- [Assigned task]
Write every line of the material again exactly, with no pictures in the copy.

Provided records START

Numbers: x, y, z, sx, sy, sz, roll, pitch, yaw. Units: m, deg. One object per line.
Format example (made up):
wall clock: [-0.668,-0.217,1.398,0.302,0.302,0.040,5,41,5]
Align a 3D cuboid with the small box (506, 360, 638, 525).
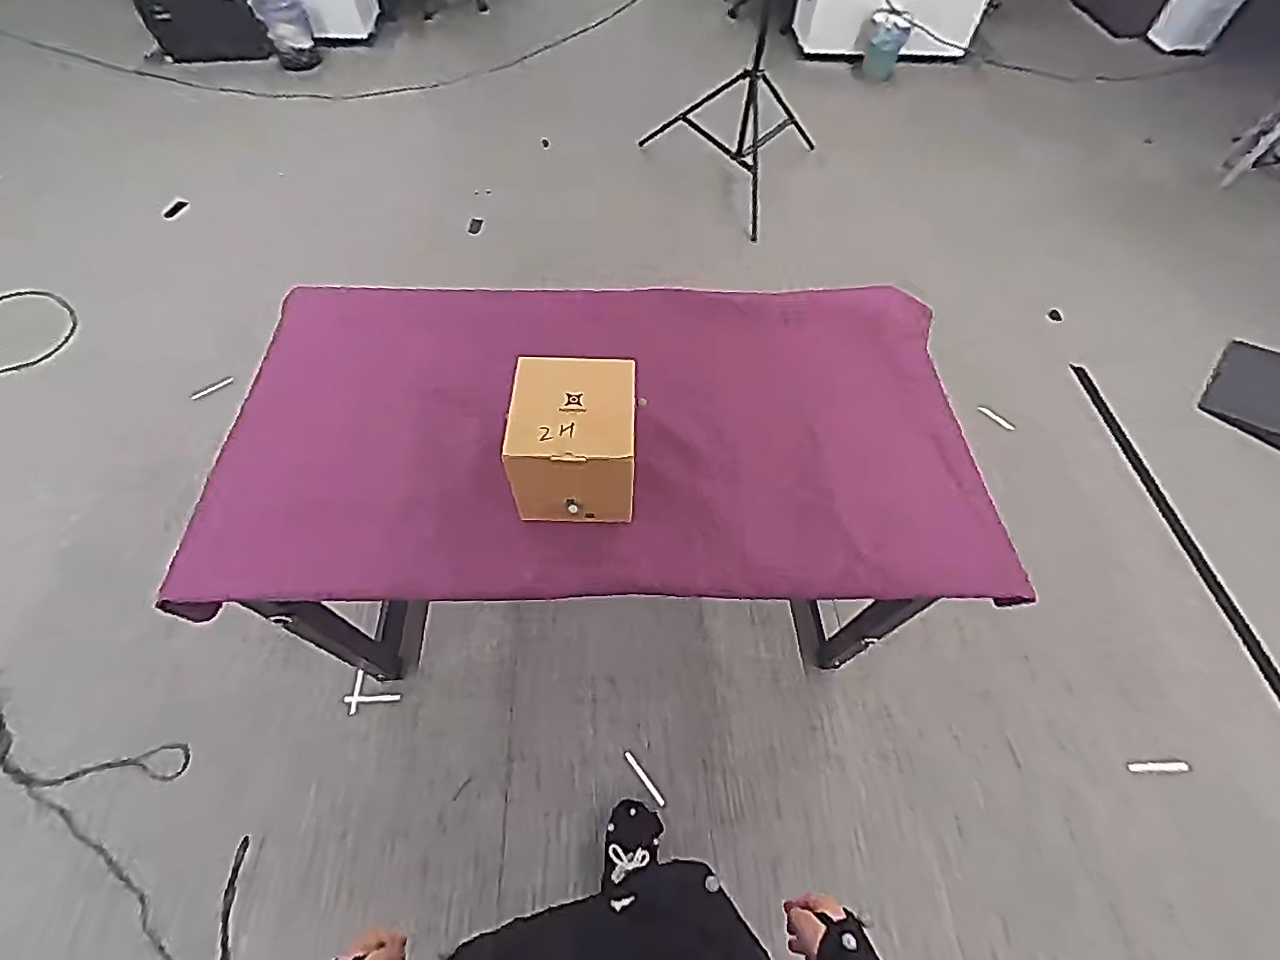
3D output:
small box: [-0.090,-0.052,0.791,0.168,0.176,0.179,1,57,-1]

Provided records END

- [Response]
Numbers: x, y, z, sx, sy, sz, roll, pitch, yaw. Units: m, deg. One object per line.
Format example (made up):
wall clock: [-0.668,-0.217,1.398,0.302,0.302,0.040,5,41,5]
Align a 3D cuboid with the small box (506, 360, 638, 525).
3D output:
small box: [-0.090,-0.052,0.791,0.168,0.176,0.179,1,57,-1]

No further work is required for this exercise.